Le rire d’Éclipse Solaire illumine nos museaux aussi sûrement que l’astre qui lui prêta son nom. Une mélodie cristalline qui détend les muscles d’Explosion de Lumière, tire un rare sourire à Chant d’Antan et chasse les noirs nuages de mon esprit. Je lève les yeux pour observer les rayons jouer avec les feuilles de la forêt de bouleaux. Entre deux bourgeons, un monarque, sublime papillon roux et ébène, valse vers nous, comme s’il souhaitait également se baigner dans la joie de cet instant.
Un cri. Je vire ma tête vers ma famille. Le sol s’effondre. Je m’élance. J’étends mes pattes autant que possible. Antan disparait dans la crevasse.
Pas une crevasse, une cascade. La cascade.
Lumière et Éclipse tentent de le retenir. Je supplie mon corps d’allonger sa foulée. Je supplie le monde de s’arrêter. Ma fratrie me semble toujours plus loin.
Mes sœurs sont entraînées par le poids du géant gris. Mais enfin, j’arrive ! Je me penche pour attraper le pelage doré de l’une d’elles et…

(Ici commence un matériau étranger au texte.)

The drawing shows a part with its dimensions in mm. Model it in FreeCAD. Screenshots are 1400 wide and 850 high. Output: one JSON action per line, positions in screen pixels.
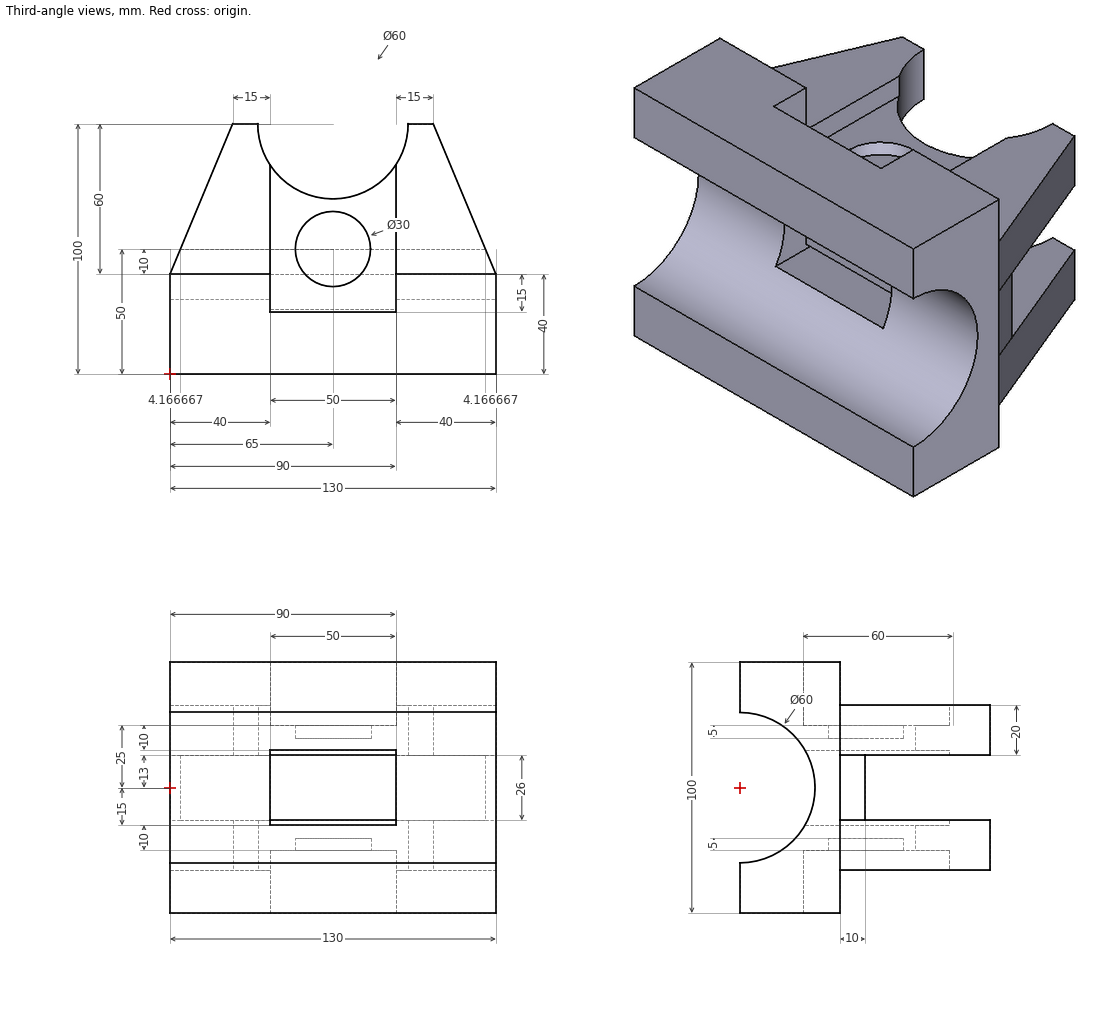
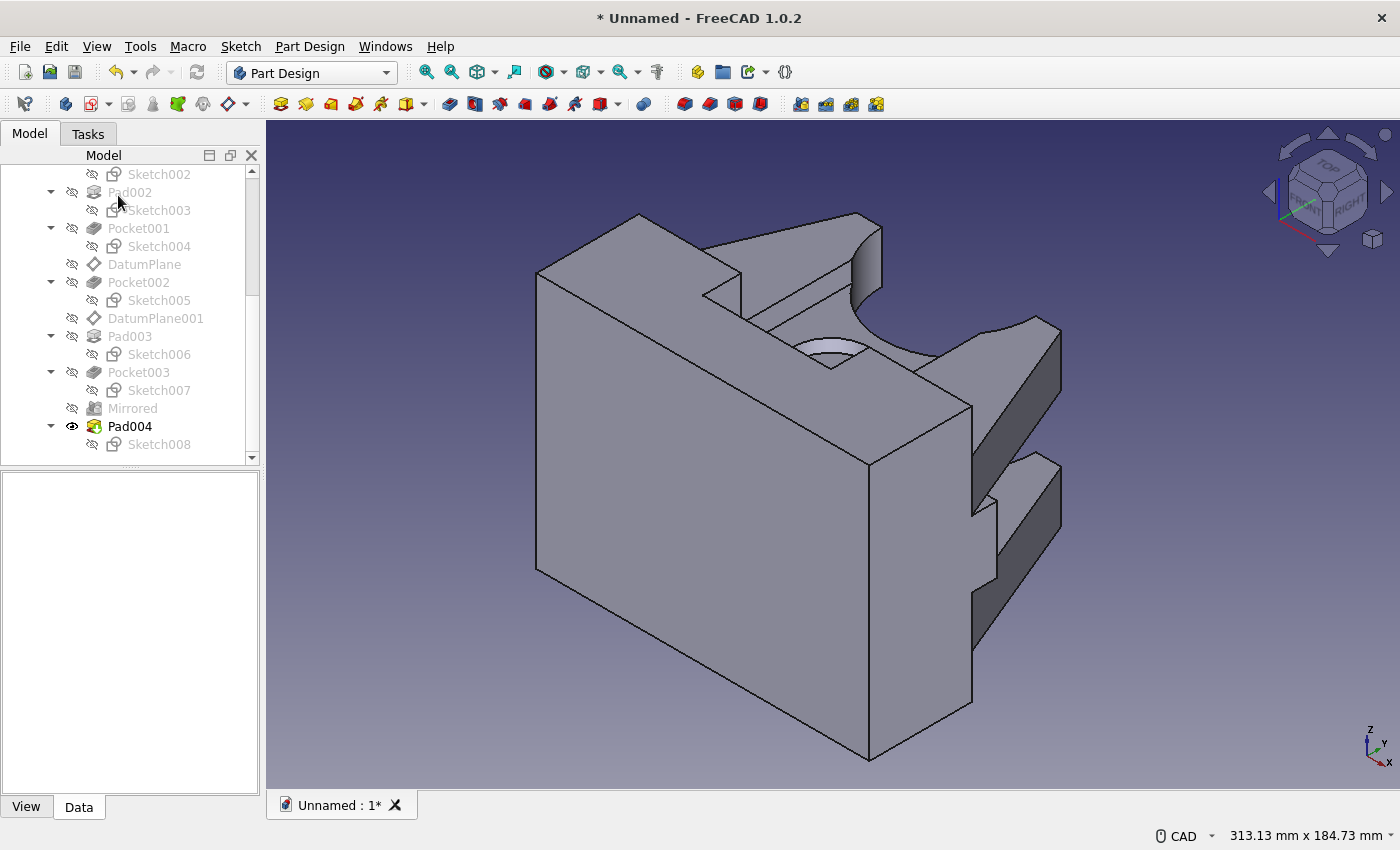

Leurs pattes lâches. Elles tombent. Impuissante, je ne peux que fixer leurs pupilles dilatées et leurs gueules ouvertes dans des hurlements que mes oreilles n’entendent pas. Leurs corps s’écrasent sur les rochers de la chute d’eau en un craquement sec. Ils disparaissent un instant sous les remous, avant d’émerger quelques longueurs de queues plus loin sur la rivière. Je cherche mon frère du regard, et le trouve vite à leurs côtés, inerte. Mais il n’est pas seul.
Souvenir des Étoiles, Mouette Rieuse, Arôme de Cassis, Papillon Éphémère, Hiver Éternel… La Lune à son complet teinte de rouge les flots.

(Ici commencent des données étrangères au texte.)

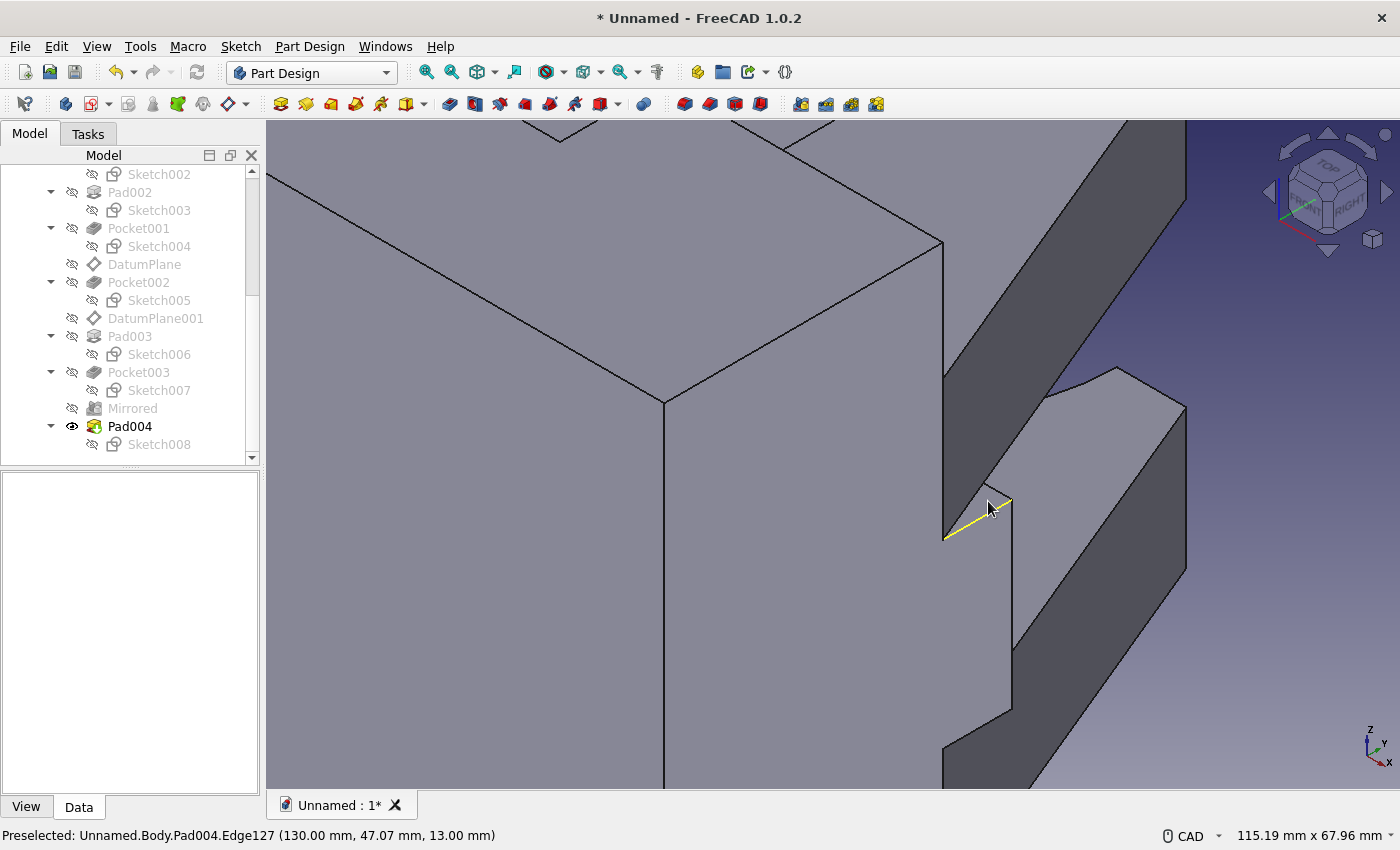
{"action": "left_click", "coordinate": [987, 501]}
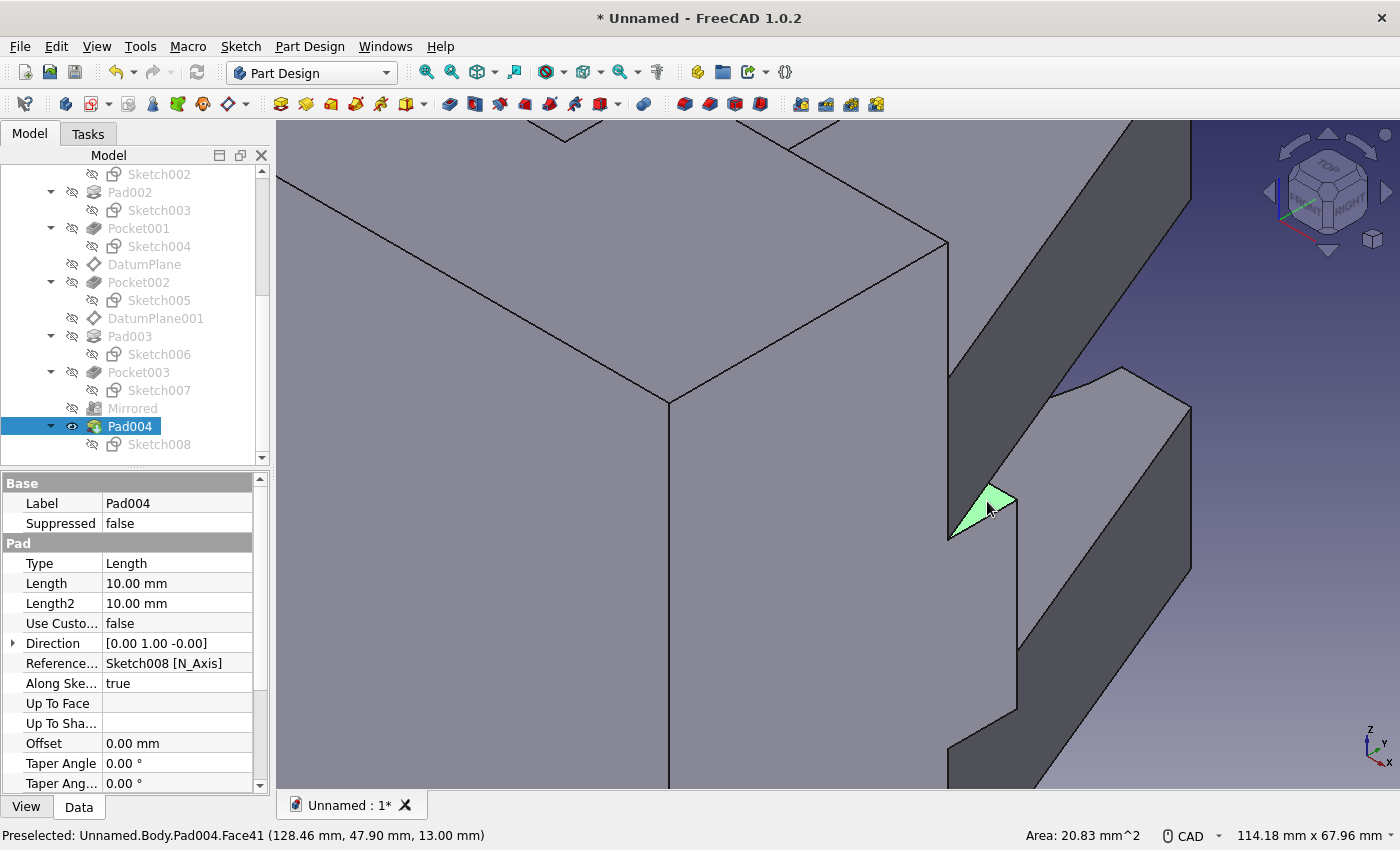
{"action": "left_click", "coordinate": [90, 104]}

Soudain, une ombre s’approche de moi, et souffle au creux de mon oreille :
« Tout est ta faute. »
Pic du Sapin ! Quand ses pattes me poussent à mon tour dans la cascade, je n’y oppose aucune résistance. La crevasse se referme. Avant qu’elle ne se scelle et que l’eau ne m’engloutisse, je lève une dernière fois les yeux. Les iris verts de ma défunte mentore scintillent plus encore que la lune qui la surplombe.

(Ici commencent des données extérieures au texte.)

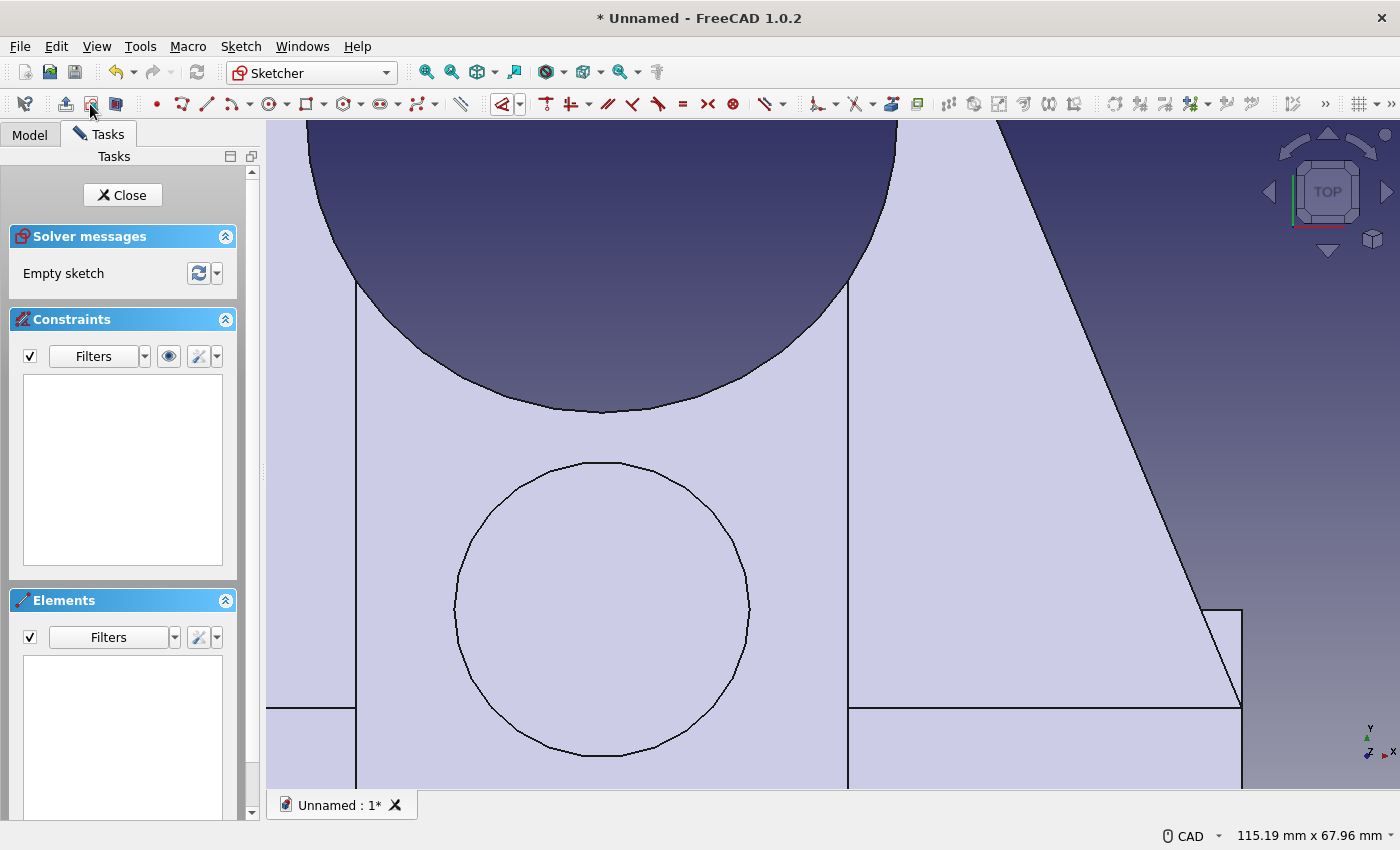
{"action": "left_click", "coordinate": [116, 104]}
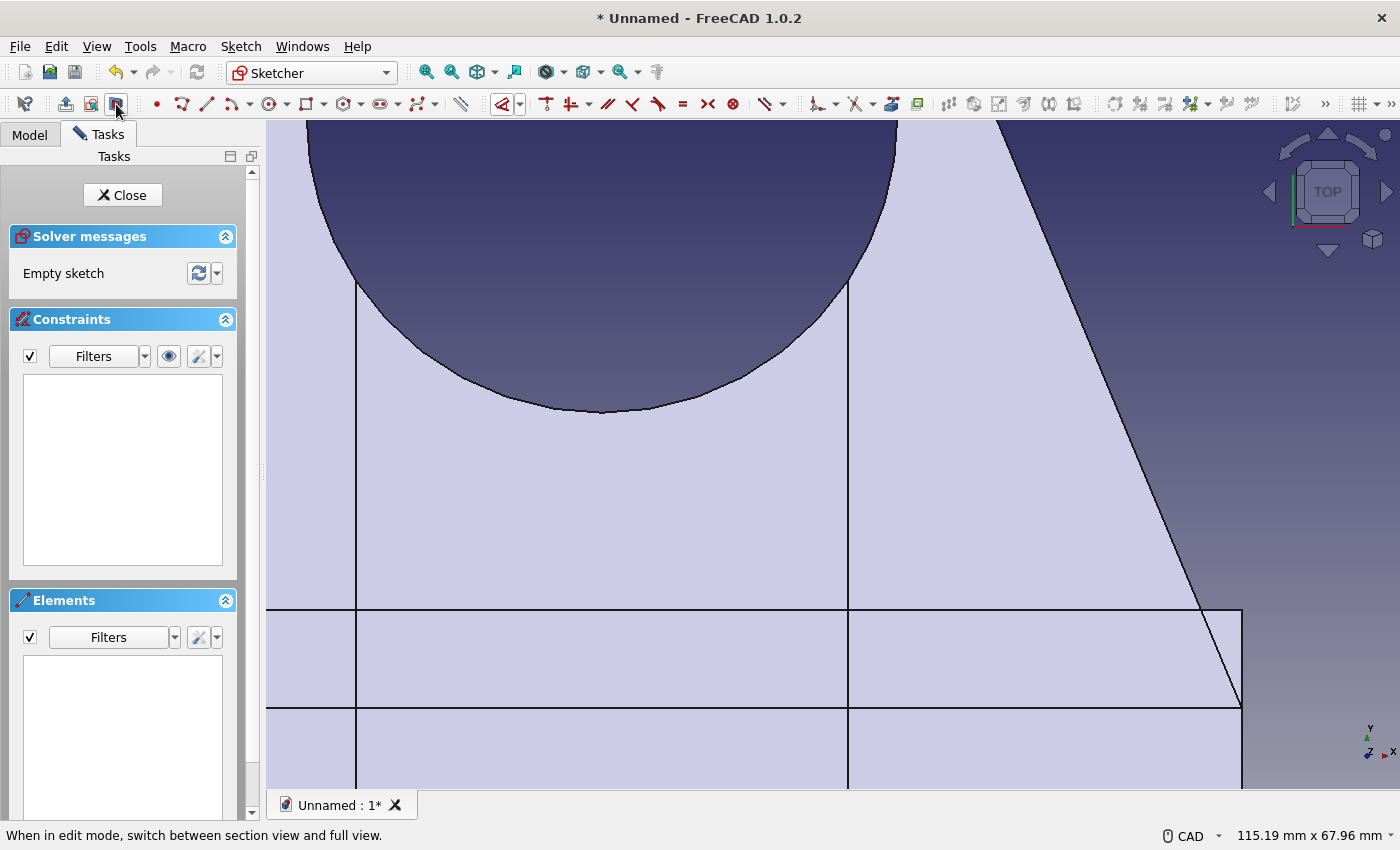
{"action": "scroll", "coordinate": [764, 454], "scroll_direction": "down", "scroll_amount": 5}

* * * Je halète, je m’étouffe dans ma propre salive, et m’allonge pour laisser la toux l’évacuer. Mon regard glisse sur le vide qui m’entoure. Une tanière aux nids pour la plupart vacant, et dont les rares occupants doivent bien faire la moitié de ma taille. Ce n’était qu’un rêve… Évidemment, comment en aurait-il pu être autrement ? La terre ne s’ouvre pas sous nos pattes sans prévenir.
De l’air. Je traine sans un bruit vers la sortie, et peine à y passer ma carcasse bien trop haute. Quand cesserais-je donc de grandir ? Certes, mes parents sont immenses, mais mes sœurs, elles ont déjà achevé leur croissance. Pourquoi est-ce que les Étoiles s’entêtent à m’étirer encore et encore vers elles ? C’est un tel gâchis de nourriture.
Pendant que je rumine, mon corps chemine machinalement vers la forêt de bouleaux en esquivant les gardes. Voilà un moment que j’avais pris l’habitude de m’échapper de la sorte, même si, depuis l’annonce de la venue de la Horde, je tâche de ne pas m’éloigner.
Ma gorge me fait mal. Mon cœur bat douloureusement dans ma poitrine. Je passe à côté de l’arbre dans lequel je me suis lovée quelques nuits auparavant et où Mouette Rieuse m’a trouvé. J’ignore la série de larges troncs sur laquelle Souvenir des Étoiles m’enseigne l’escalade et les bonds. Ce soir, je veux tout abandonner derrière moi.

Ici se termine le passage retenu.